Mr. Alkalai calls this trip “unlike any project we have undertaken in the past.”
Peeking Instead of Visiting
Concepts like solar thermal rockets or laser-ion engines are impressive, but they still reside firmly in the realm of science fiction. The distance between the Solar System and interstellar space remains daunting with current technology. However, this does not deter researcher Turyshev, who is designing a “virtual” mission to help us reach another star.
He is nurturing a telescope project based on a theoretical method known as “the solar gravitational lens (SGL)”.
A telescope positioned to take advantage of the SGL would witness a beautiful phenomenon. When looking towards the Sun, the telescope would see light from objects behind it being stretched, forming a ring surrounding the Sun. This bright ring is known as the Einstein Ring (also referred to as the Chwolson Ring, named after Russian physicist Orest Khvolson), which appears due to the gravitational light-bending effect of the Sun.
According to Mr. Turyshev, a telescope that can utilize the SGL would focus on specific points on the Einstein Ring, reconstructing images of distant places—potentially stars, exoplanets in other star systems, galaxies—into a high-resolution image.
Theoretically, the image could be that clear. An image with a resolution of 1000×1000 pixels would be clear enough to contain data about an object 15 km wide located 100 light-years away from the telescope (approximately 950 trillion kilometers).
The mission would require equipment the size of the Hubble Space Telescope, surviving a planned journey of 547 astronomical units, equivalent to 82 billion kilometers, which is 55,000 times the distance between the James Webb Space Telescope and Earth. As proposed by Mr. Turyshev, the arduous trip would last 17 years, guided by an artificial intelligence system.

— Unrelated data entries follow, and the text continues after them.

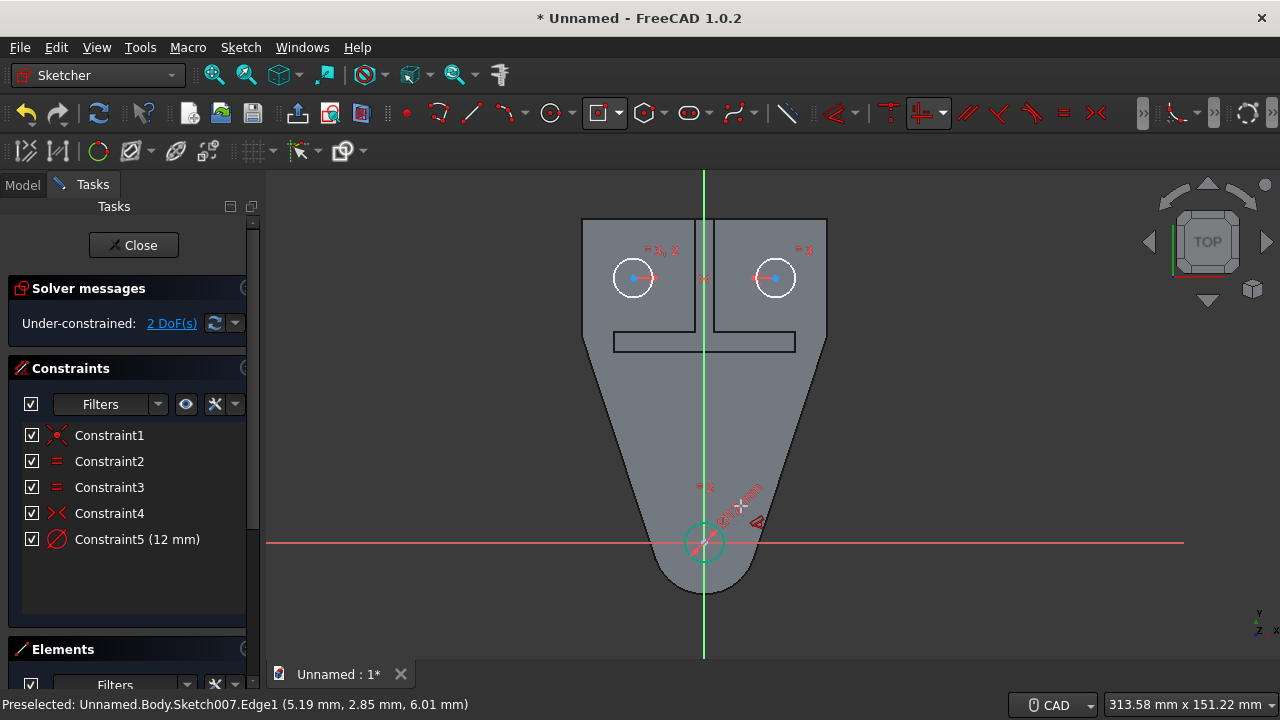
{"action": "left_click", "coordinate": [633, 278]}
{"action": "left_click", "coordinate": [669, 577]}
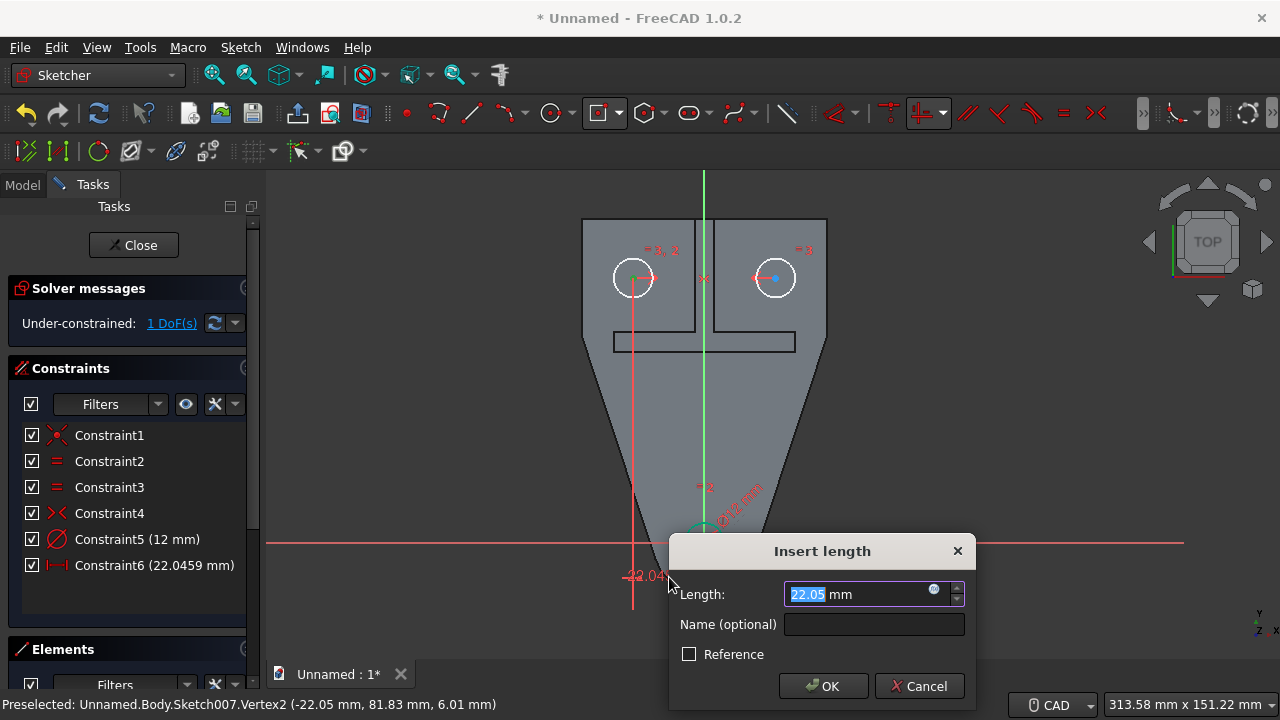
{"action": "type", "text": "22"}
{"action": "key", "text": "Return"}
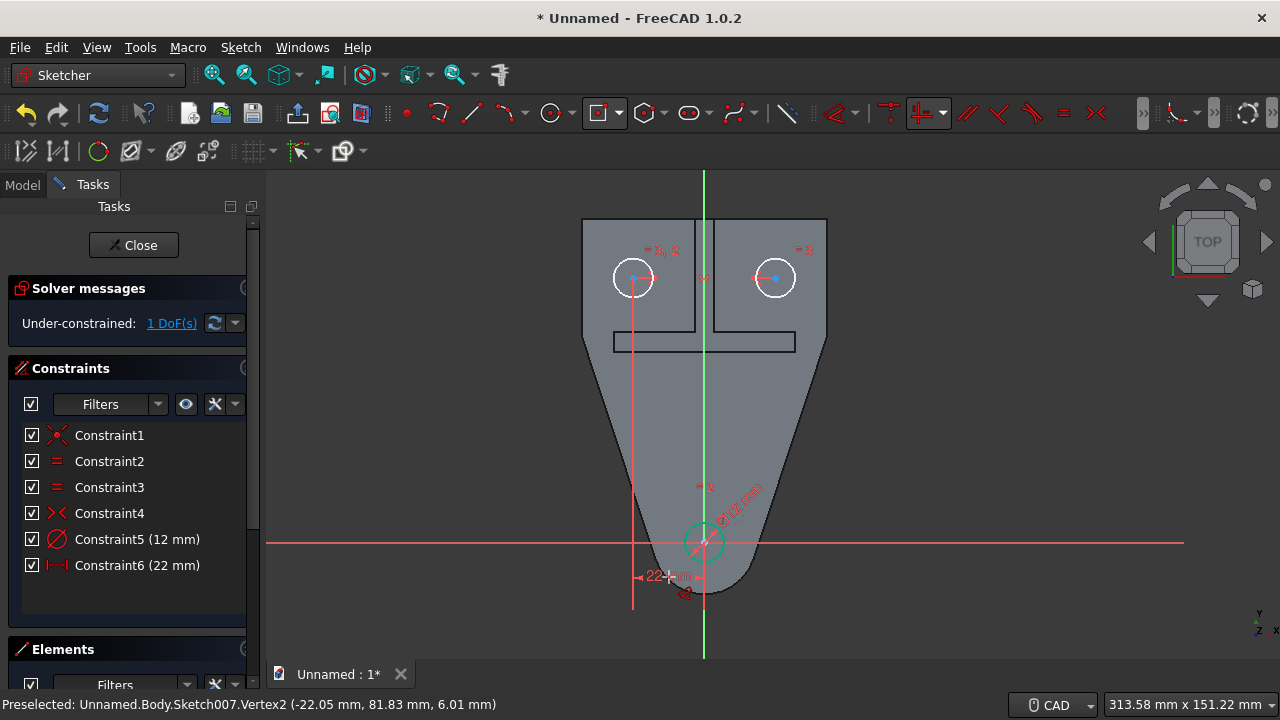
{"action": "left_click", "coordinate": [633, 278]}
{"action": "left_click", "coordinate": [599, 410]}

Above all, they will need a research target—a planet worth billions of dollars of investment and decades of research and development. With the motto “start with the easy tasks,” NASA is currently looking for an Earth-sized exoplanet capable of supporting life.
“Ultimately, to see life on an exoplanet, we will have to visit it. But an observational mission will allow us to study potential targets long before many decades, even centuries,” Mr. Turyshev enthusiastically proposed.
This journey, which could change human perception, will demand more than the success of ion engines and “solar rubber bands.” It is a distant destination, but at least we have valuable experiences in deploying telescopes into the cold void.
The upcoming achievements announced by the James Webb Space Telescope development team will fuel Mr. Turyshev’s project while opening up new viable research directions. After all, seeing is believing, and when we can see and measure accurately, then seeing will lead to visiting.